Please return every line of the records that contains the word "cuboid".

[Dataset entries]
━━━━━━

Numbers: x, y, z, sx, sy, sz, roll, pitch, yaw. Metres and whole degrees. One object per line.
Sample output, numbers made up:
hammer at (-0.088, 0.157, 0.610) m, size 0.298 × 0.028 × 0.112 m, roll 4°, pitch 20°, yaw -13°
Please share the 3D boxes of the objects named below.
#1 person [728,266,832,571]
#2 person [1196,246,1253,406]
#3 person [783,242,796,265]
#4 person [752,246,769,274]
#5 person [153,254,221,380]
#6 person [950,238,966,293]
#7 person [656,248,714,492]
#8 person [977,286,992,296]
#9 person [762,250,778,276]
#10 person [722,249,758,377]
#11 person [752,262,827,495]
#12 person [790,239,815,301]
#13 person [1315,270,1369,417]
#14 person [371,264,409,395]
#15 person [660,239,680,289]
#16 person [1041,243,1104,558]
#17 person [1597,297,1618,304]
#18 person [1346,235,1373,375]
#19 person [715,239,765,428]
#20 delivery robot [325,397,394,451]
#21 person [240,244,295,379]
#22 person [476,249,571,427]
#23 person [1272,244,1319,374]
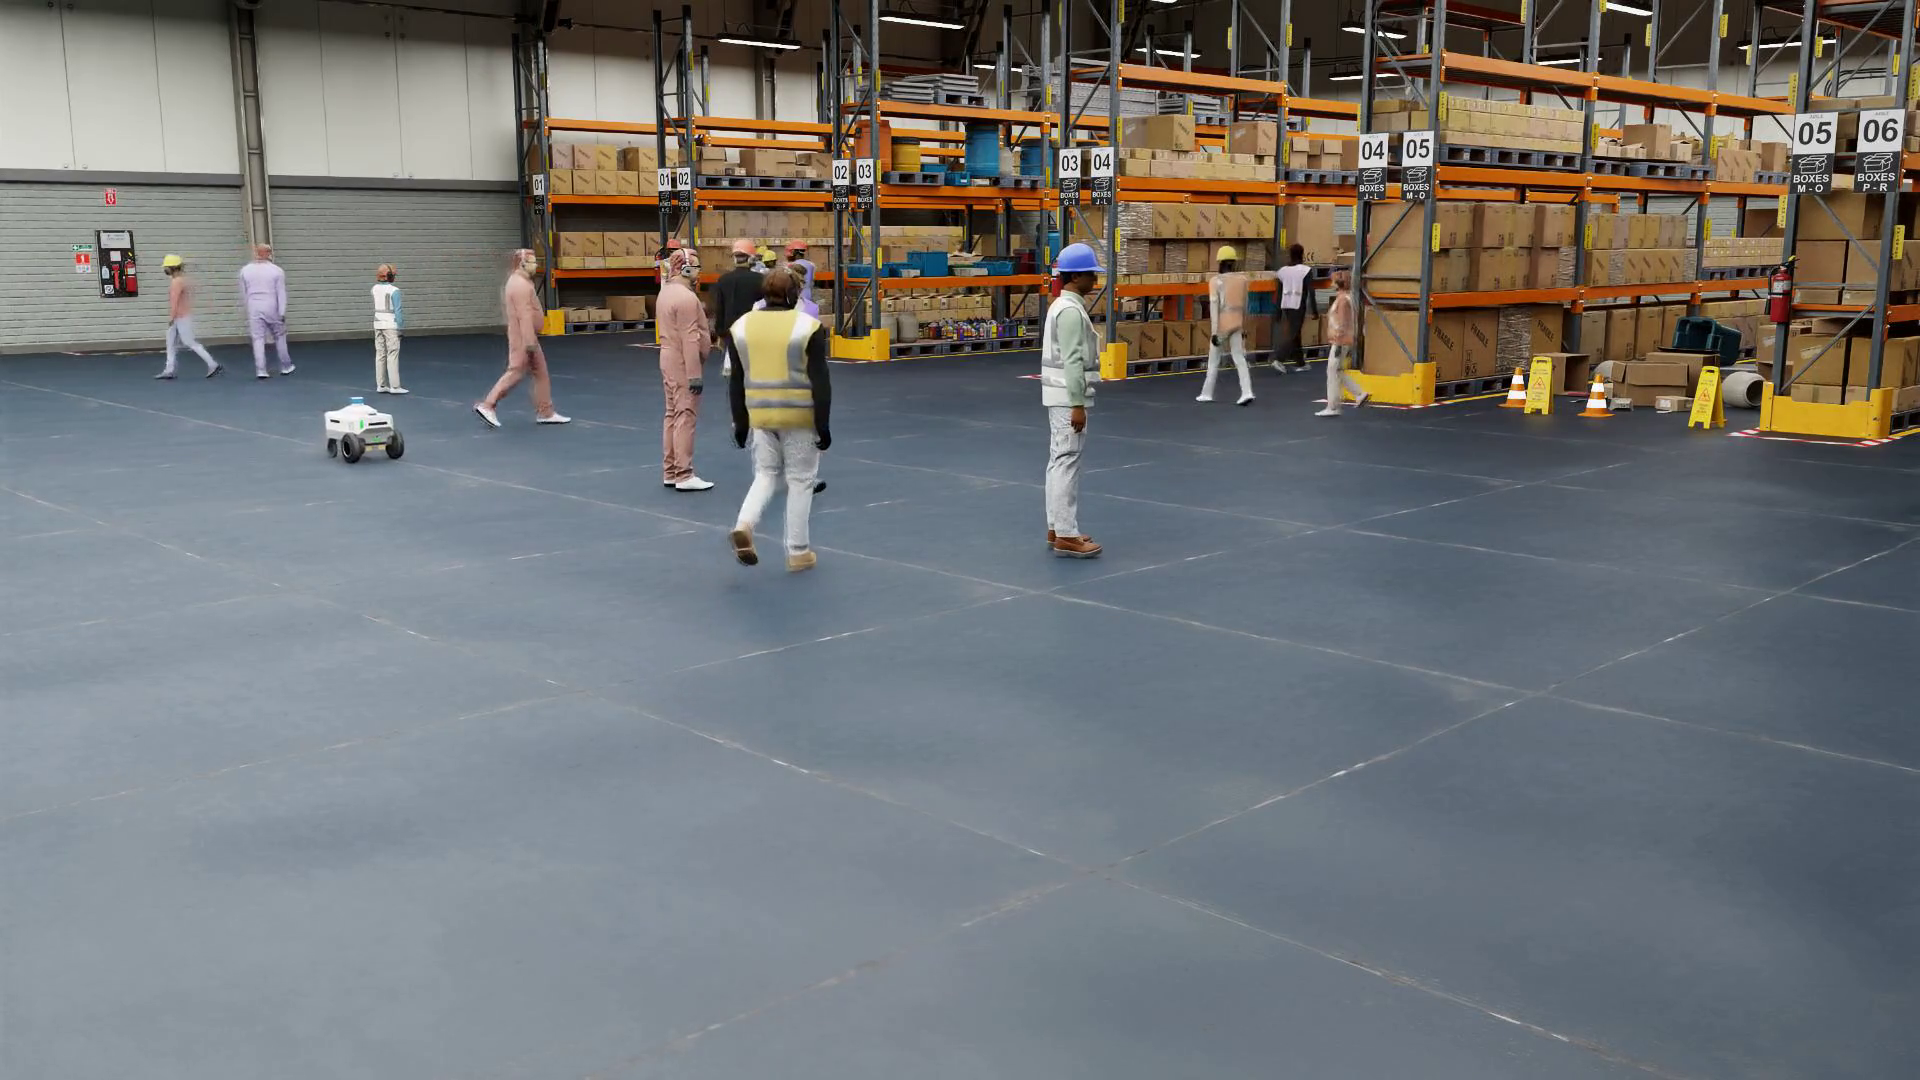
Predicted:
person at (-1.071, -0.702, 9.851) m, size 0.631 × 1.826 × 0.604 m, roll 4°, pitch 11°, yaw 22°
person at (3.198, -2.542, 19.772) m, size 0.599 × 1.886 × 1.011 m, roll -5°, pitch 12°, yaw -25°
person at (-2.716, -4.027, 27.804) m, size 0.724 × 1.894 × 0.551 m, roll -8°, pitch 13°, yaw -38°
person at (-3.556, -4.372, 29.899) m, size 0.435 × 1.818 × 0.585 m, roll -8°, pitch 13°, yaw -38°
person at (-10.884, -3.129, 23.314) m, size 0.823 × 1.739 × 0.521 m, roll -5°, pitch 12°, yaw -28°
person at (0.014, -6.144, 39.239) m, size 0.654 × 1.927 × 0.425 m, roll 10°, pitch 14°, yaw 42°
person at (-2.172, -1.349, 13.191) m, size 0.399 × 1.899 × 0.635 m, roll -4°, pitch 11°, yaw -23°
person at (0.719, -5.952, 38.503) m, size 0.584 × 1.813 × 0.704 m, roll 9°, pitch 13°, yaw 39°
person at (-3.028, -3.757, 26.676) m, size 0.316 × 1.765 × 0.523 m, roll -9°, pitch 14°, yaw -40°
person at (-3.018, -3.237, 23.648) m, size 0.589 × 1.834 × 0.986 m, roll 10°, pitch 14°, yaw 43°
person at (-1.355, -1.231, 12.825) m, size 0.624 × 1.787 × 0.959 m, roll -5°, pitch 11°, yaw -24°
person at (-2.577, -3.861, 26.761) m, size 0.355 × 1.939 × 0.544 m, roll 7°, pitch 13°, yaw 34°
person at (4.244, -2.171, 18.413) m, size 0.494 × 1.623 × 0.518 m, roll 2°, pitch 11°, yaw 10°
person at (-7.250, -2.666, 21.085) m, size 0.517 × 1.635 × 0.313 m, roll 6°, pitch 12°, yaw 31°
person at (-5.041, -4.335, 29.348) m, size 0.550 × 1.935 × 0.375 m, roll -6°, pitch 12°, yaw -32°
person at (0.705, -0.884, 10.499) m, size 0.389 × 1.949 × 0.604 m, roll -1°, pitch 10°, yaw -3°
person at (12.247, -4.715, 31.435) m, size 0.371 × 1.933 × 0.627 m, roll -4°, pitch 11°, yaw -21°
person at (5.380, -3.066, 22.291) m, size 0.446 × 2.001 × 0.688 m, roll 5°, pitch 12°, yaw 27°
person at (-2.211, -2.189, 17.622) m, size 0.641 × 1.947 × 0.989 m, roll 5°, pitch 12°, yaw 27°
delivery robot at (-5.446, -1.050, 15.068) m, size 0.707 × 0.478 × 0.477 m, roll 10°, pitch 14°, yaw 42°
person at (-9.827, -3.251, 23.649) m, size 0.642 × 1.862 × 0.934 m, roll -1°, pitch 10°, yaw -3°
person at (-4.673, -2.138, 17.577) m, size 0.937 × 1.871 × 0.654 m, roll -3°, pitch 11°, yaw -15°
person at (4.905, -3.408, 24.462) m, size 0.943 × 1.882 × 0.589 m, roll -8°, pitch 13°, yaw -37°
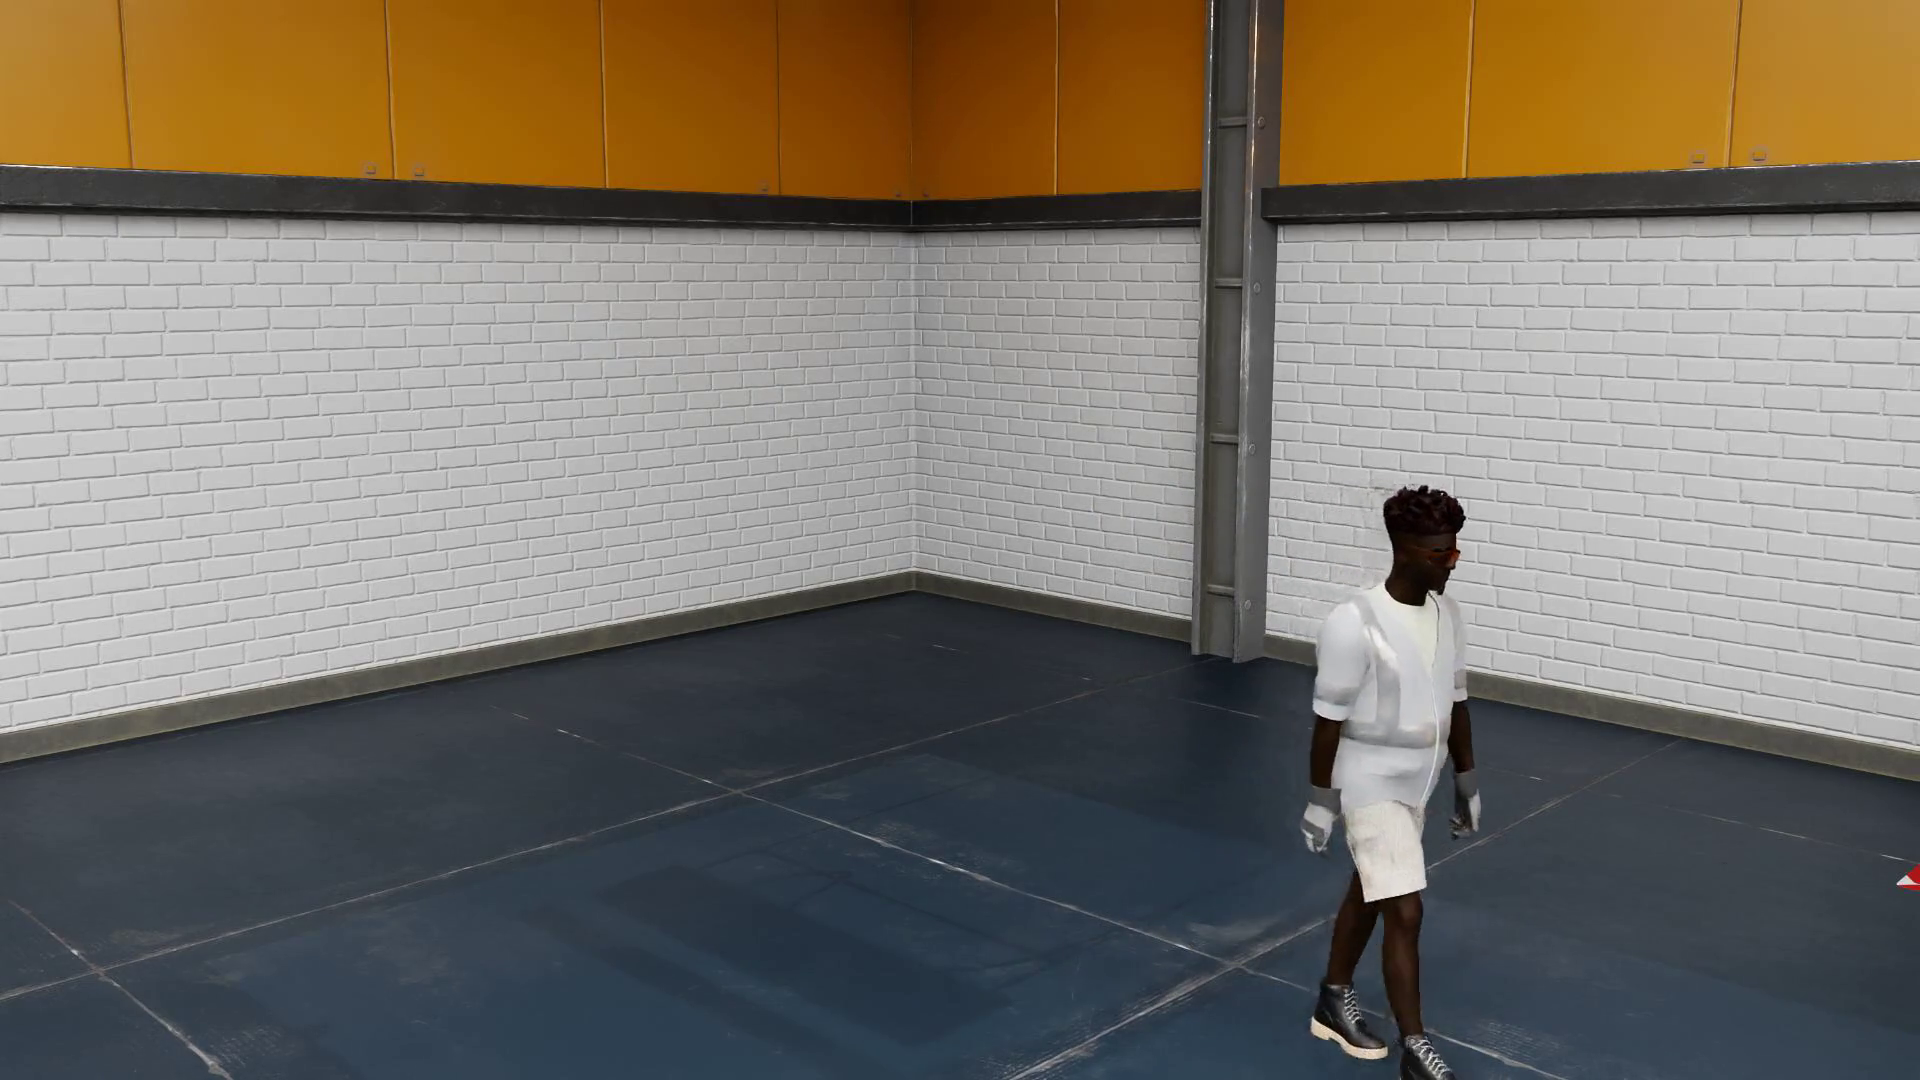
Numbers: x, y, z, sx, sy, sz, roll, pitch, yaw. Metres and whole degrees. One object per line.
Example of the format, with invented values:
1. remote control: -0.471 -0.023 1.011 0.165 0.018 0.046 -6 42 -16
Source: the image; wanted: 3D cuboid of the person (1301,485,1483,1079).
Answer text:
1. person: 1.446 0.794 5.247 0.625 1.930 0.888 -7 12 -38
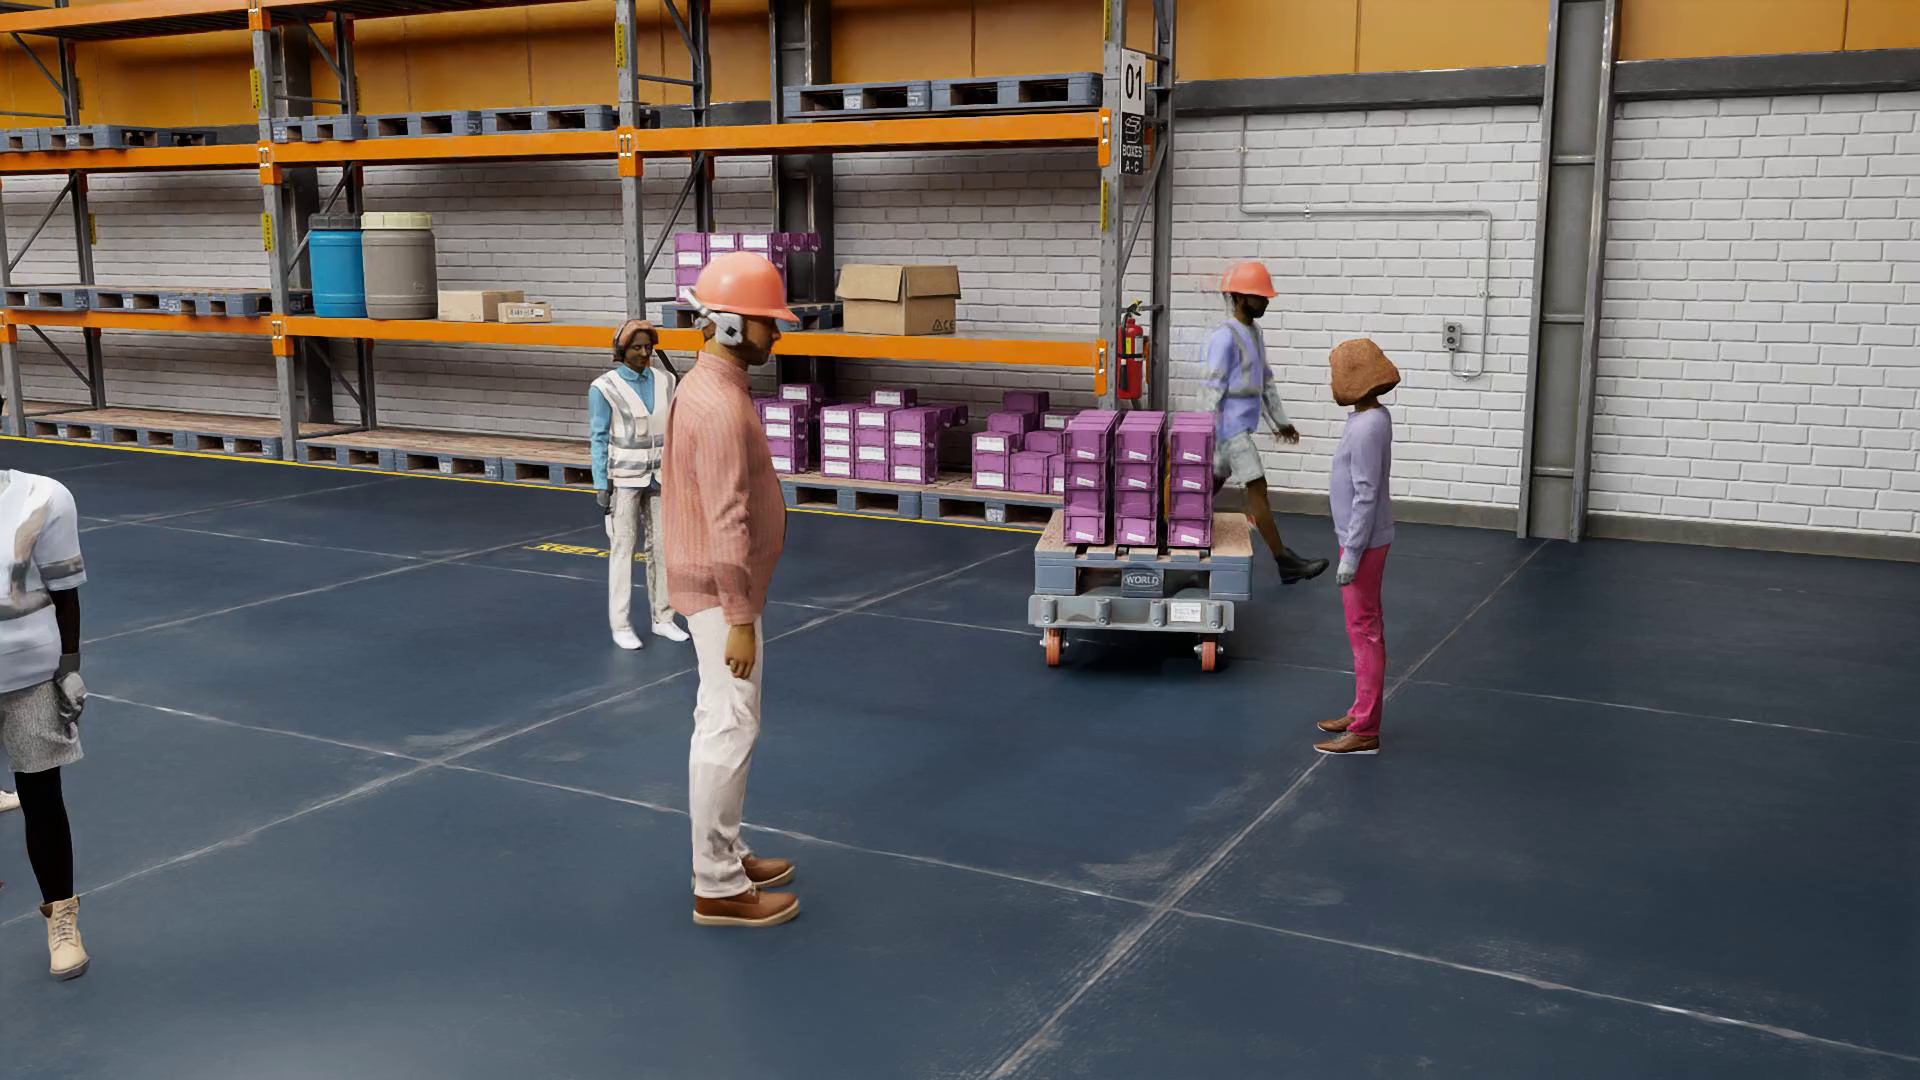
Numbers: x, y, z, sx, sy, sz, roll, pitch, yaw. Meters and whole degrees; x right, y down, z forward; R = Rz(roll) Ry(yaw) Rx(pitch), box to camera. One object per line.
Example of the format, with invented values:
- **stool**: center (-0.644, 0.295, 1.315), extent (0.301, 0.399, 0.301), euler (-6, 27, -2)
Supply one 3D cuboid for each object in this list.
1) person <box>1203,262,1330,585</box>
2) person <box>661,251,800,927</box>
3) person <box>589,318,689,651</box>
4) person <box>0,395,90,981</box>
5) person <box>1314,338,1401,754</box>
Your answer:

━━━━━━

→ **COMPLETED EXERCISE**
Source: the image; wanted: 3D cuboid of the person (1301,485,1483,1079).
Supply one 3D cuboid for each object in this list.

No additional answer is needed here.